No Brasil profissionais se sentiam pressionados pelo governo a receitar o medicamento
Com Agências
Correção: o estudo publicado na revista The Lancet foi feito com 96 mil pacientes, e não 15 mil pacientes, como estava neste texto entre as 15h13min e as 17h46min. O texto já foi corrigido.
A Organização Mundial da Saúde (OMS) anunciou nesta segunda-feira (25) que suspendeu "temporariamente" os ensaios clínicos com cloroquina que realiza com parceiros em vários países, como precaução.
A decisão ocorre após a publicação de um estudo, na última sexta-feira, na revista médica The Lancet que considerou ineficaz ou até prejudicial o uso de cloroquina e seus derivados como a hidroxicloroquina no combate à covid-19, informou o diretor-geral da OMS, Tedros Adhanom Ghebreyesus, detalhando que a suspensão dos ensaios foi feita no sábado.
A OMS iniciou há mais de dois meses ensaios clínicos sobre os efeitos da cloroquina a fim de encontrar um tratamento eficaz contra a covid-19. Atualmente, "mais de 400 hospitais em 35 países recrutam ativamente pacientes – e cerca de 3.500 pacientes já foram recrutados em 17 países", explicou a autoridade máxima da OMS.
Entretanto, de acordo com o grande estudo publicado no The Lancet, realizado com quase 96 mil pacientes, nem a cloroquina nem o derivado, a hidroxicloroquina, são eficazes contra a doença em pacientes hospitalizados, e essas moléculas aumentam o risco de morte e arritmia cardíaca.

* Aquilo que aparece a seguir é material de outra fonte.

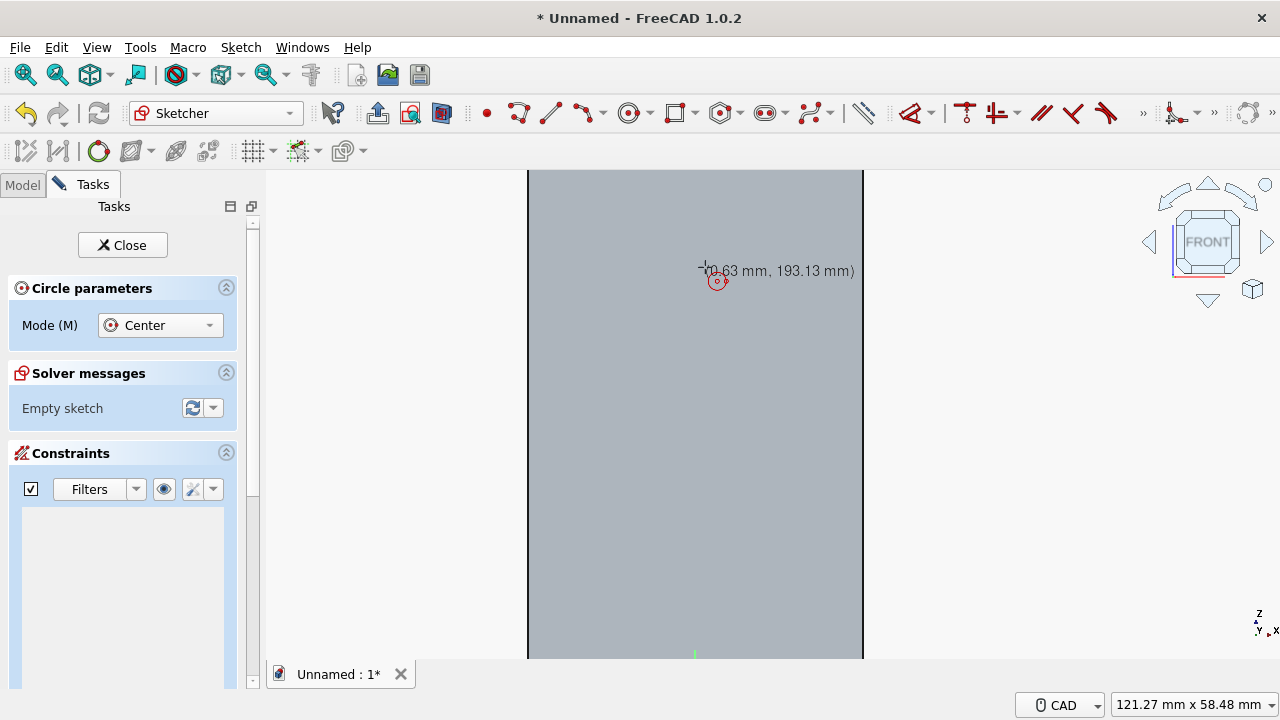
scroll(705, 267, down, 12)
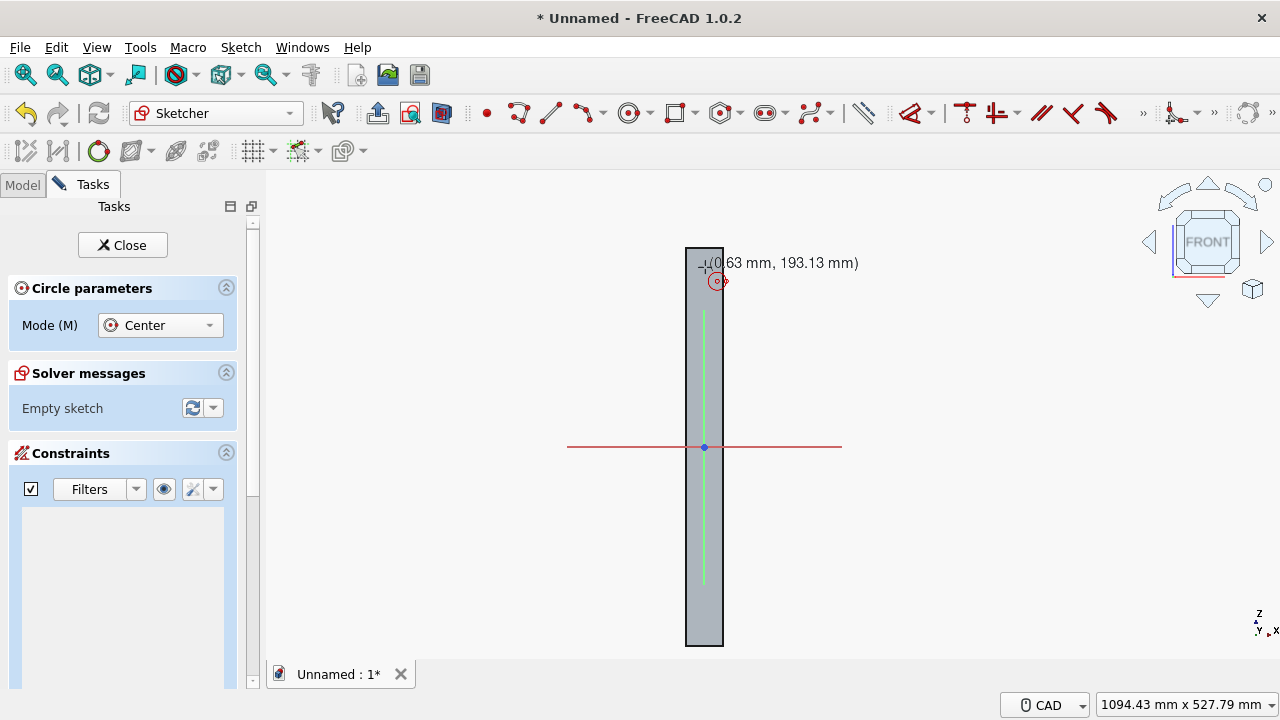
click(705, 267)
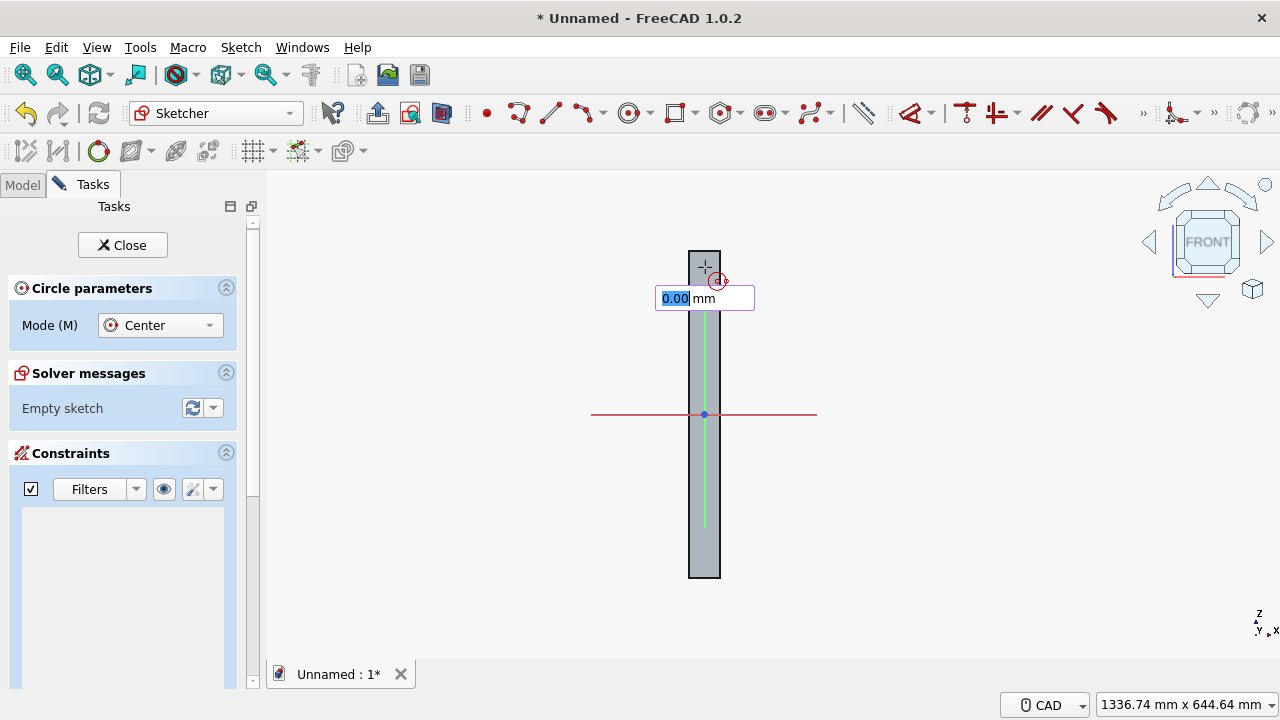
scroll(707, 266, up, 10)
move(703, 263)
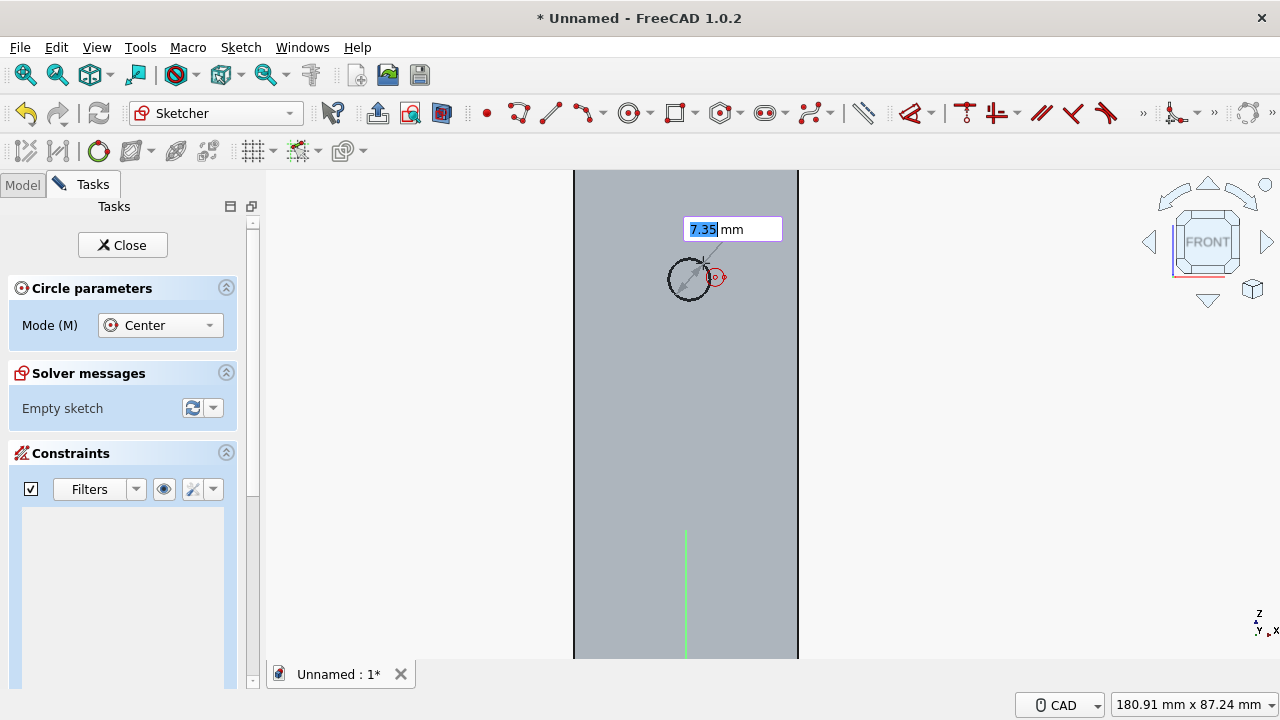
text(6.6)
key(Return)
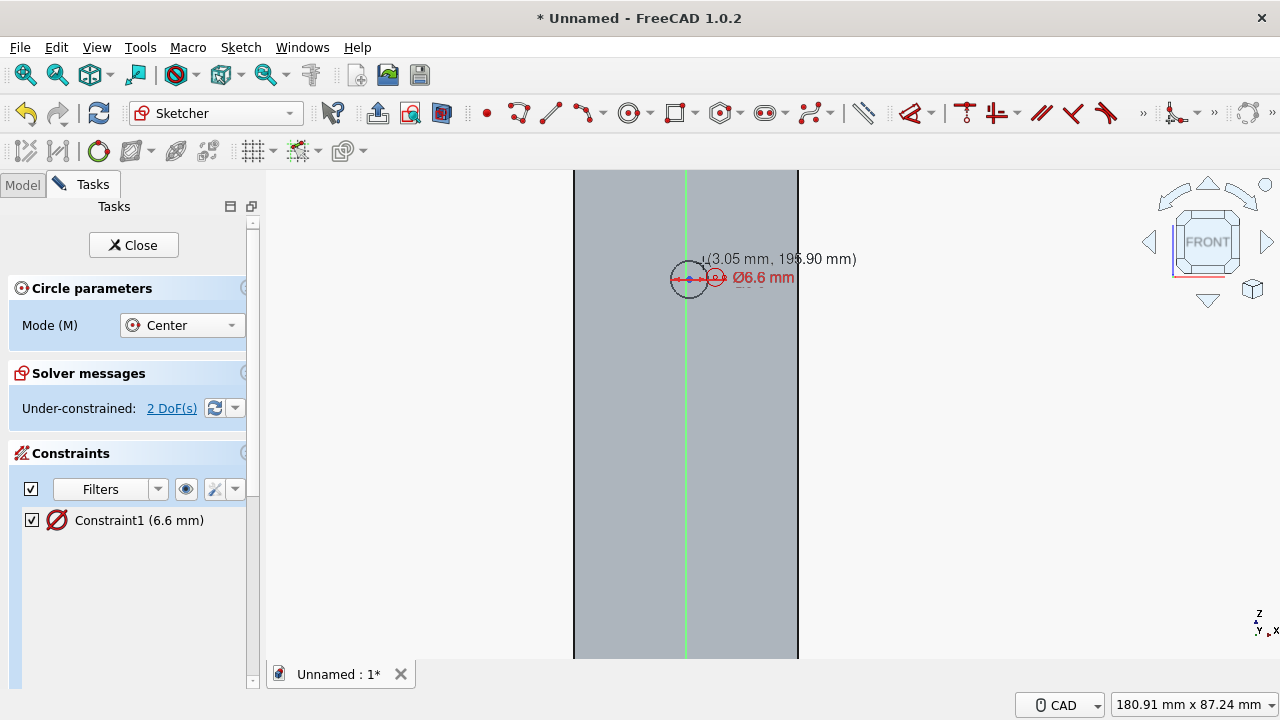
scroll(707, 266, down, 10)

Os testes foram suspensos até que os "dados" coletados pelos testes da OMS sejam "analisados", disse Tedros.
– Esta é uma medida temporária – informou Soumya Swaminathan, chefe do departamento de ciências da OMS, antes de enfatizar a "incerteza" em torno do uso da cloroquina.
A hidroxicloroquina é um derivado da cloroquina e tem sido usada há décadas contra a malária e também é prescrita em doenças de origem autoimune, como lúpus e artrite reumatóide. O chefe da OMS lembra que esses medicamentos "são geralmente reconhecidos como seguros para pacientes afetados" por essas doenças.
Após um pequeno estudo chinês pouco detalhado que alegou a eficácia do fosfato de cloroquina no tratamento de pacientes com o Sars-CoV2, a cloroquina ganhou destaque. O presidente dos Estados Unidos, Donald Trump, confessou consumir a medicação para prevenir a covid-19.
No Brasil, na semana passada, o Ministério da Saúde incluiu cloroquina e hidroxicloroquina no protocolo de tratamento para pacientes com sintomas leves de covid-19. Agora, cabe ao médico a decisão sobre prescrever ou não a substância, sendo necessária também a vontade declarada do paciente, com a assinatura do Termo de Ciência e Consentimento.
O ex-ministro da Saúde Luiz Henrique Mandetta revelou na quarta-feira (20), em entrevista ao programa Edição das 16h, da GloboNews, que o governo federal planejava alterar a bula da cloroquina, por meio de um decreto a ser assinado pelo presidente Jair Bolsonaro, para inclusão do tratamento contra a covid-19. Mandetta ainda afirmou que havia pressão para que o uso do medicamento fosse liberado — mesmo sem confirmações médicas em relação à eficácia contra o coronavírus.
A comunidade médica já estava se sentindo pressionada pelo governo federal a receitar o medicamento.
A pressão pelo uso do medicamento teria aumentado após a demissão de Nelson Teich do Ministério da Saúde. O ex-ministro deixou a pasta por discordar do presidente Jair Bolsonaro sobre a prescrição do remédio.
Na última segunda-feira (18) a Associação de Medicina Intensiva Brasileira, a Sociedade Brasileira de Infectologia e a Sociedade Brasileira de Pneumologia e Tisiologia já haviam recomendado que a cloroquina não fosse mais utilizada no tratamento da covid-19.
No estudo, o efeito de outros medicamentos também foram analisados.
— Nenhuma das medicações conseguiu mostrar benefícios. Há algumas que precisam ainda de mais estudo que outras — explica Alexandre Zavascki, coautor do trabalho, integrante do Serviço de Infectologia do Hospital Moinhos de Vento e professor da Universidade Federal do Rio Grande do Sul (UFRGS).
— No caso da cloroquina, o que vemos é que não há nenhum benefício comprovado sobre o seu uso em paciente com covid-19, e que ela pode trazer riscos à saúde.